Required work: Your copy should match the entries below exactly, apart from the images.

Supplied data:
::::

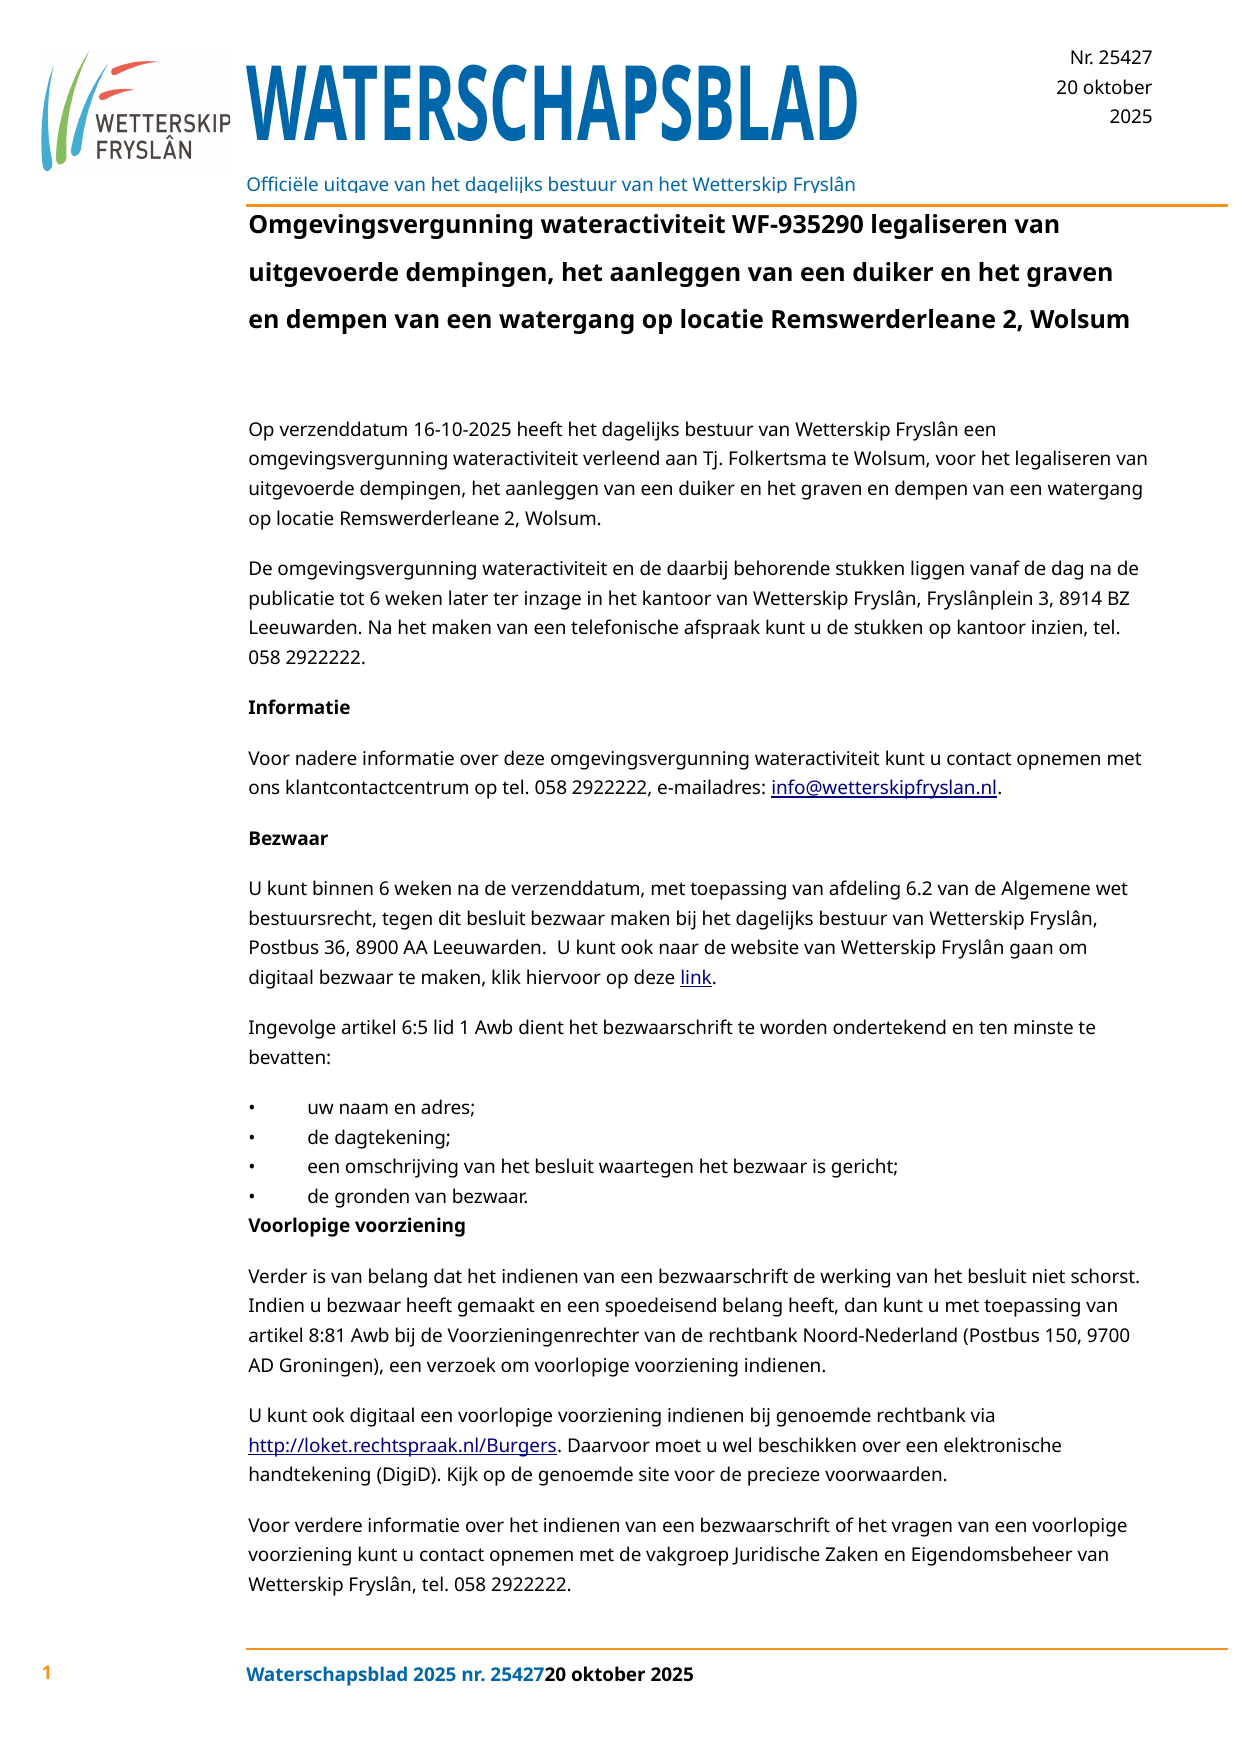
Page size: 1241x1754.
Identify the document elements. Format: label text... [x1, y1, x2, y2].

text Bezwaar [248, 825, 1152, 850]
list de dagtekening; [248, 1124, 1152, 1149]
text Verder is van belang dat het indienen van een bezwaarschrift de werking van het besluit niet schorst. Indien u bezwaar heeft gemaakt en een spoedeisend belang heeft, dan kunt u met toepassing van artikel 8:81 Awb bij de Voorzieningenrechter van de rechtbank Noord-Nederland (Postbus 150, 9700 AD Groningen), een verzoek om voorlopige voorziening indienen. [248, 1263, 1152, 1377]
text Voorlopige voorziening [248, 1213, 1152, 1238]
picture [41, 47, 231, 172]
list uw naam en adres; [248, 1094, 1152, 1120]
text Omgevingsvergunning wateractiviteit WF-935290 legaliseren van uitgevoerde dempingen, het aanleggen van een duiker en het graven en dempen van een watergang op locatie Remswerderleane 2, Wolsum [248, 207, 1152, 336]
text Op verzenddatum 16-10-2025 heeft het dagelijks bestuur van Wetterskip Fryslân een omgevingsvergunning wateractiviteit verleend aan Tj. Folkertsma te Wolsum, voor het legaliseren van uitgevoerde dempingen, het aanleggen van een duiker en het graven en dempen van een watergang op locatie Remswerderleane 2, Wolsum. [248, 416, 1152, 530]
text Informatie [248, 694, 1152, 720]
list een omschrijving van het besluit waartegen het bezwaar is gericht; [248, 1153, 1152, 1179]
text U kunt ook digitaal een voorlopige voorziening indienen bij genoemde rechtbank via http://loket.rechtspraak.nl/Burgers. Daarvoor moet u wel beschikken over een elektronische handtekening (DigiD). Kijk op de genoemde site voor de precieze voorwaarden. [248, 1402, 1152, 1487]
text Voor verdere informatie over het indienen van een bezwaarschrift of het vragen van een voorlopige voorziening kunt u contact opnemen met de vakgroep Juridische Zaken en Eigendomsbeheer van Wetterskip Fryslân, tel. 058 2922222. [248, 1512, 1152, 1597]
text Ingevolge artikel 6:5 lid 1 Awb dient het bezwaarschrift te worden ondertekend en ten minste te bevatten: [248, 1014, 1152, 1069]
text U kunt binnen 6 weken na de verzenddatum, met toepassing van afdeling 6.2 van de Algemene wet bestuursrecht, tegen dit besluit bezwaar maken bij het dagelijks bestuur van Wetterskip Fryslân, Postbus 36, 8900 AA Leeuwarden. U kunt ook naar de website van Wetterskip Fryslân gaan om digitaal bezwaar te maken, klik hiervoor op deze link. [248, 875, 1152, 989]
list de gronden van bezwaar. [248, 1183, 1152, 1209]
text De omgevingsvergunning wateractiviteit en de daarbij behorende stukken liggen vanaf de dag na de publicatie tot 6 weken later ter inzage in het kantoor van Wetterskip Fryslân, Fryslânplein 3, 8914 BZ Leeuwarden. Na het maken van een telefonische afspraak kunt u de stukken op kantoor inzien, tel. 058 2922222. [248, 555, 1152, 669]
text Voor nadere informatie over deze omgevingsvergunning wateractiviteit kunt u contact opnemen met ons klantcontactcentrum op tel. 058 2922222, e-mailadres: info@wetterskipfryslan.nl. [248, 745, 1152, 800]

::::

Expected answer:
Page size: 1241x1754.
Identify the document elements. Format: label text... [x1, y1, x2, y2].

text Bezwaar [248, 825, 1152, 850]
list de dagtekening; [248, 1124, 1152, 1149]
text Verder is van belang dat het indienen van een bezwaarschrift de werking van het besluit niet schorst. Indien u bezwaar heeft gemaakt en een spoedeisend belang heeft, dan kunt u met toepassing van artikel 8:81 Awb bij de Voorzieningenrechter van de rechtbank Noord-Nederland (Postbus 150, 9700 AD Groningen), een verzoek om voorlopige voorziening indienen. [248, 1263, 1152, 1377]
text Voorlopige voorziening [248, 1213, 1152, 1238]
picture [41, 47, 231, 172]
list uw naam en adres; [248, 1094, 1152, 1120]
text Omgevingsvergunning wateractiviteit WF-935290 legaliseren van uitgevoerde dempingen, het aanleggen van een duiker en het graven en dempen van een watergang op locatie Remswerderleane 2, Wolsum [248, 207, 1152, 336]
text Op verzenddatum 16-10-2025 heeft het dagelijks bestuur van Wetterskip Fryslân een omgevingsvergunning wateractiviteit verleend aan Tj. Folkertsma te Wolsum, voor het legaliseren van uitgevoerde dempingen, het aanleggen van een duiker en het graven en dempen van een watergang op locatie Remswerderleane 2, Wolsum. [248, 416, 1152, 530]
text Informatie [248, 694, 1152, 720]
list een omschrijving van het besluit waartegen het bezwaar is gericht; [248, 1153, 1152, 1179]
text U kunt ook digitaal een voorlopige voorziening indienen bij genoemde rechtbank via http://loket.rechtspraak.nl/Burgers. Daarvoor moet u wel beschikken over een elektronische handtekening (DigiD). Kijk op de genoemde site voor de precieze voorwaarden. [248, 1402, 1152, 1487]
text Voor verdere informatie over het indienen van een bezwaarschrift of het vragen van een voorlopige voorziening kunt u contact opnemen met de vakgroep Juridische Zaken en Eigendomsbeheer van Wetterskip Fryslân, tel. 058 2922222. [248, 1512, 1152, 1597]
text Ingevolge artikel 6:5 lid 1 Awb dient het bezwaarschrift te worden ondertekend en ten minste te bevatten: [248, 1014, 1152, 1069]
text U kunt binnen 6 weken na de verzenddatum, met toepassing van afdeling 6.2 van de Algemene wet bestuursrecht, tegen dit besluit bezwaar maken bij het dagelijks bestuur van Wetterskip Fryslân, Postbus 36, 8900 AA Leeuwarden. U kunt ook naar de website van Wetterskip Fryslân gaan om digitaal bezwaar te maken, klik hiervoor op deze link. [248, 875, 1152, 989]
list de gronden van bezwaar. [248, 1183, 1152, 1209]
text De omgevingsvergunning wateractiviteit en de daarbij behorende stukken liggen vanaf de dag na de publicatie tot 6 weken later ter inzage in het kantoor van Wetterskip Fryslân, Fryslânplein 3, 8914 BZ Leeuwarden. Na het maken van een telefonische afspraak kunt u de stukken op kantoor inzien, tel. 058 2922222. [248, 555, 1152, 669]
text Voor nadere informatie over deze omgevingsvergunning wateractiviteit kunt u contact opnemen met ons klantcontactcentrum op tel. 058 2922222, e-mailadres: info@wetterskipfryslan.nl. [248, 745, 1152, 800]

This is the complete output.